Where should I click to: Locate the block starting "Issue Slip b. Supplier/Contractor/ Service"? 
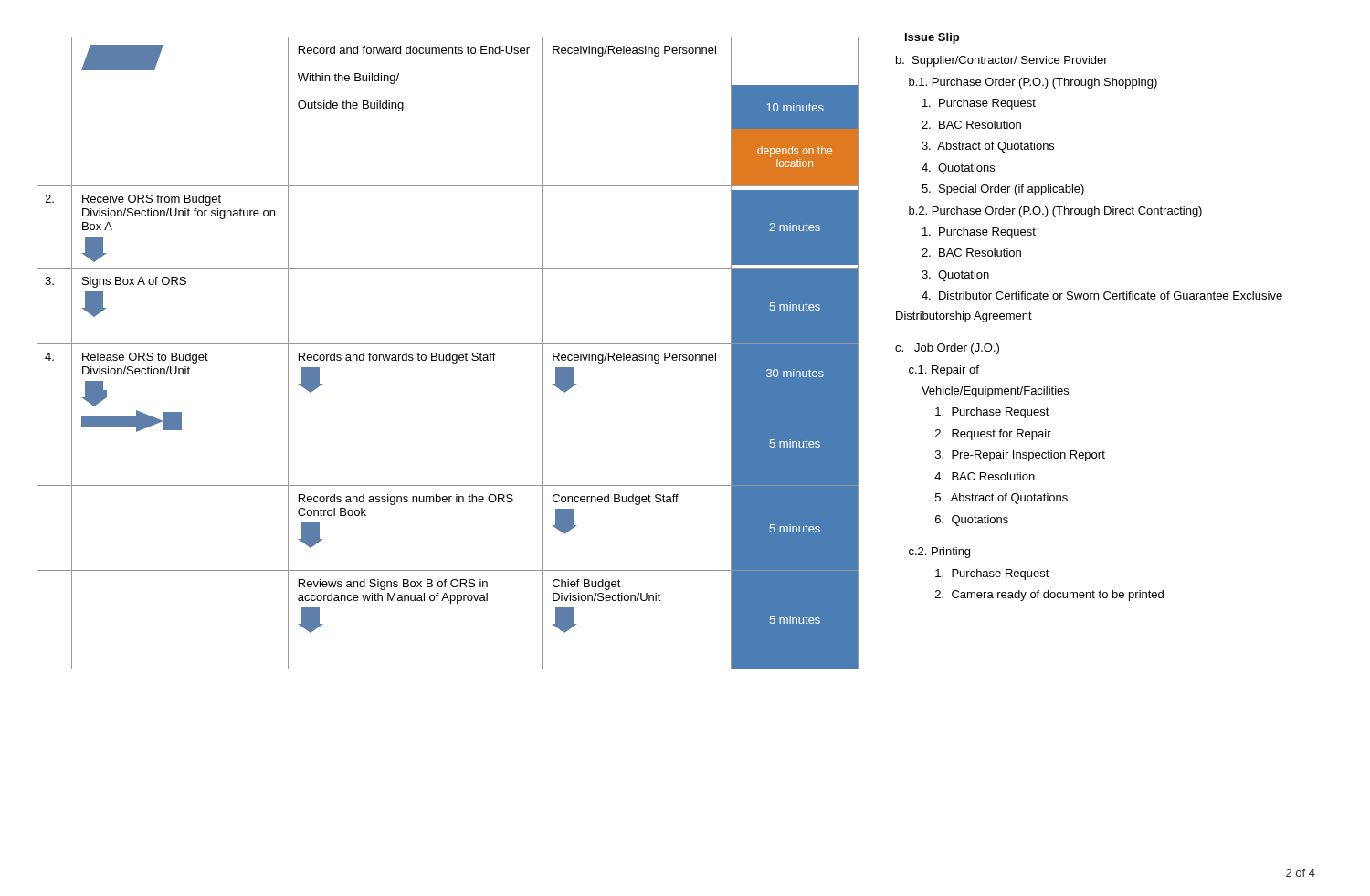[932, 38]
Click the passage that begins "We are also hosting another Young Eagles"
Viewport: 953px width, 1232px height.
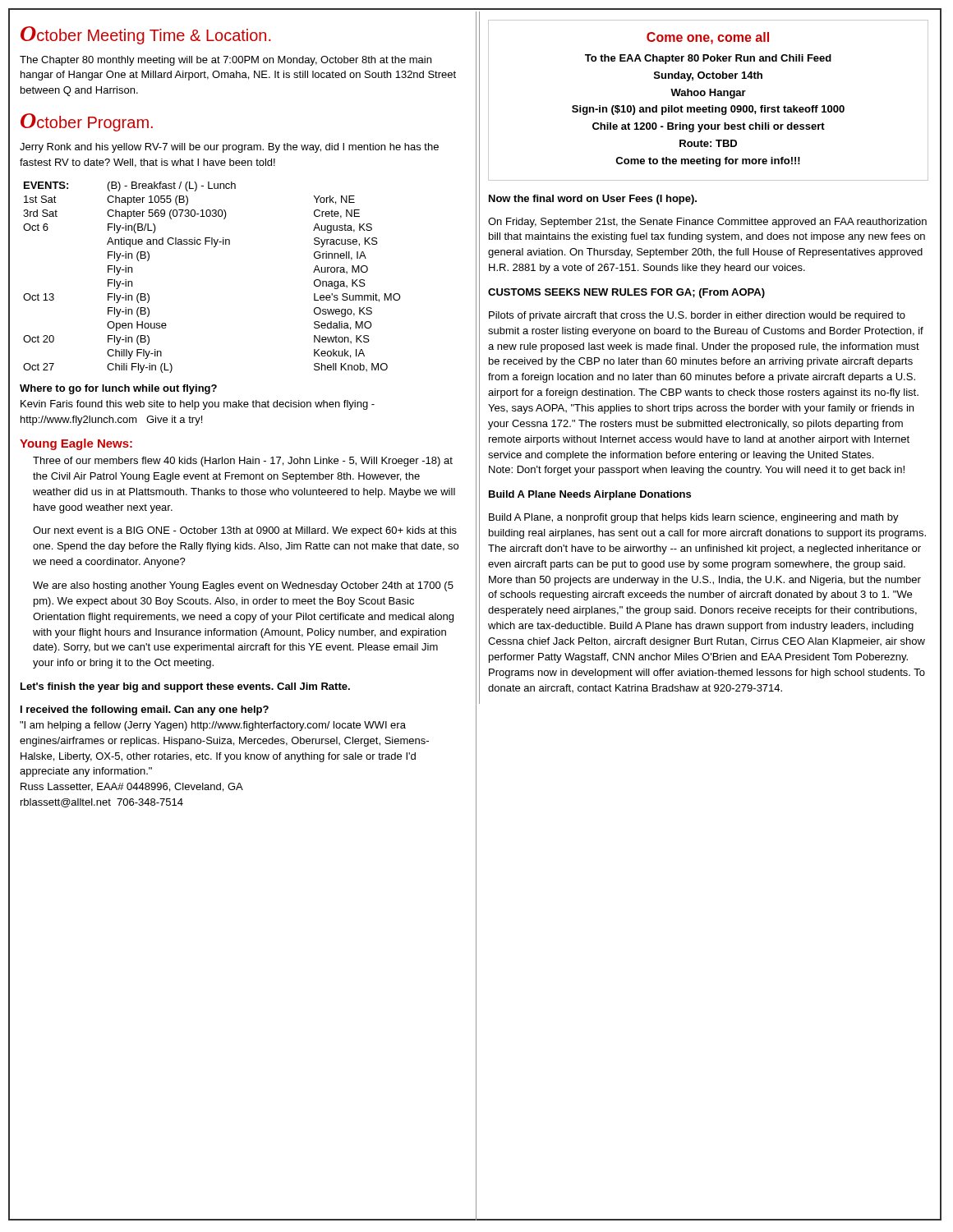click(244, 624)
============
# DIRECTIONS FOR THIS TASK
Transcribe the whole listing exactly as it stands, apart from the pictures.

# YOUR SOLUTION
Where should I click to: Locate the block starting "Issue Slip b. Supplier/Contractor/ Service"? 
[932, 38]
Click the passage that begins "We are also hosting another Young Eagles"
Viewport: 953px width, 1232px height.
click(244, 624)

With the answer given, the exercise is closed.